Awards Daily: We had this long gap between, say, the end of Muhammad Ali’s career up until the social media age, when athletes got very conservative. I watched The Last Dance just recently. I had kind of resisted it initially because I was a little concerned there would be a lot of hagiography built into it. It was better than I thought and very well made. I was glad they covered the point of Michael Jordan not supporting Harvey Gantt in his senate run against noted racist, Jesse Helms. We saw Jordan’s resistance to getting involved, and his lack of political curiosity. Like you said, at a certain point, the wave of change is not something you’re riding, it’s riding you.
Dave Zirin: Oh, absolutely. One of the significant parts of the Miami Heat posing with the hoodies is that it was LeBron. LeBron, at that time already, had been anointed as The Chosen One. The athlete of his generation the way Jordan was the athlete of his—at least in the world of basketball.
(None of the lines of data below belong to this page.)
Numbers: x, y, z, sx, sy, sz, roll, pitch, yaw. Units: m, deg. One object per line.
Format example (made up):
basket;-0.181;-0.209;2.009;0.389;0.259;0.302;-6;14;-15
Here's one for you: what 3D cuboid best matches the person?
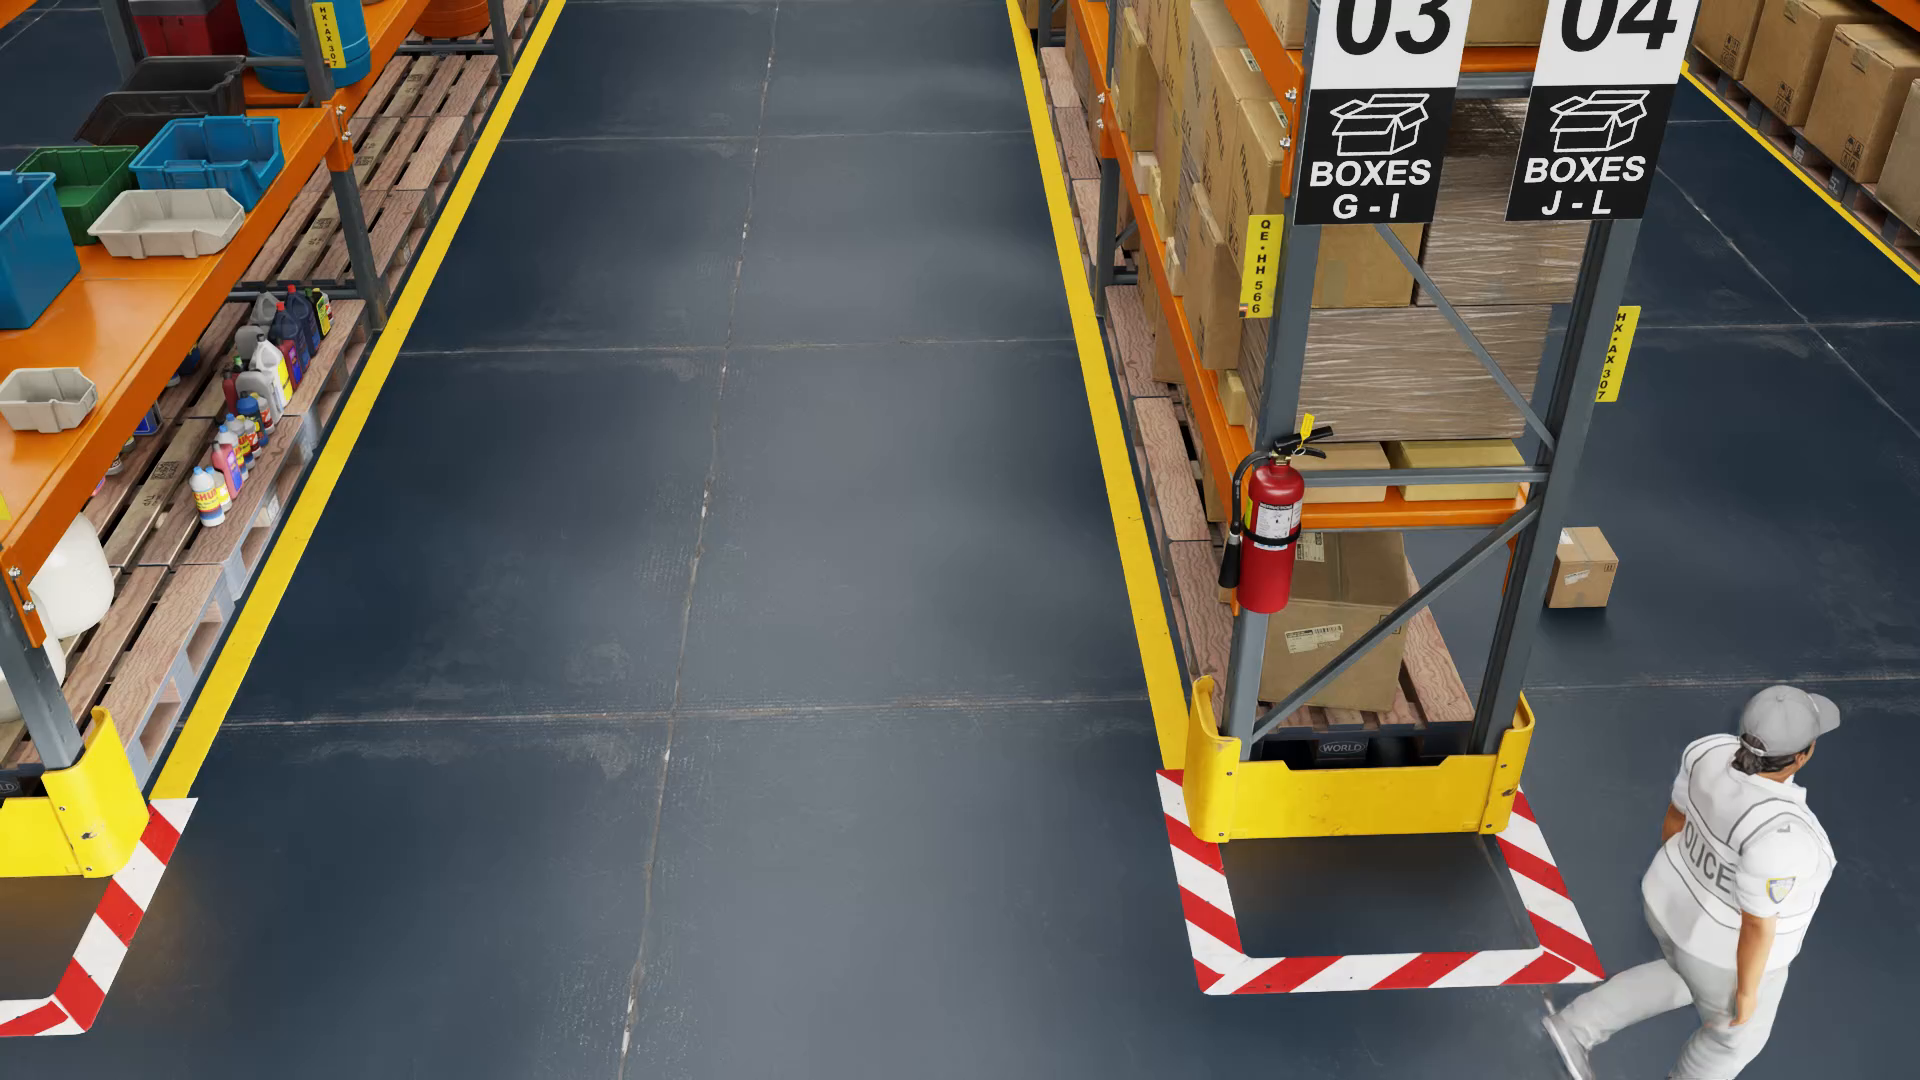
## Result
person;2.080;1.064;4.621;0.590;1.642;0.504;-3;36;-4

If you could describe that whole generation of players in the 90’s and the 00’s as “the children of Jordan,” how they saw their fame, how they saw their wealth, I think you could call post-2012 “the children of LeBron,” or, in some respects “the children of Kobe” as well.
This idea that you’re not just going to be this current or ex-athlete playing on the golf course, you’re not going to be only a commentator, you are going to be a mogul, and not just a mogul but somebody who is socially conscious and willing to brand themselves as such. You have this whole group of athletes who are now trying to think about “how can I be socially conscious?” In a way they’re protected by LeBron, because how are you going to attack—the way Mahmoud Abdul-Rauf was attacked or Craig Hodges in the early 90’s—how are you going to attack somebody if the biggest star, the untouchable one, is speaking out? Similarly, if Michael Jordan had been speaking out, there’s no way the NBA would have had the gumption to run off Craig Hodges.
Awards Daily: Let’s start getting into the film. There’s a ton of information that’s loaded into this 92 minute documentary. At the same time, you’re taking on the NFL. You’re telling the truth, but the truth can be expensive sometimes. What gave you the burning desire to make this film?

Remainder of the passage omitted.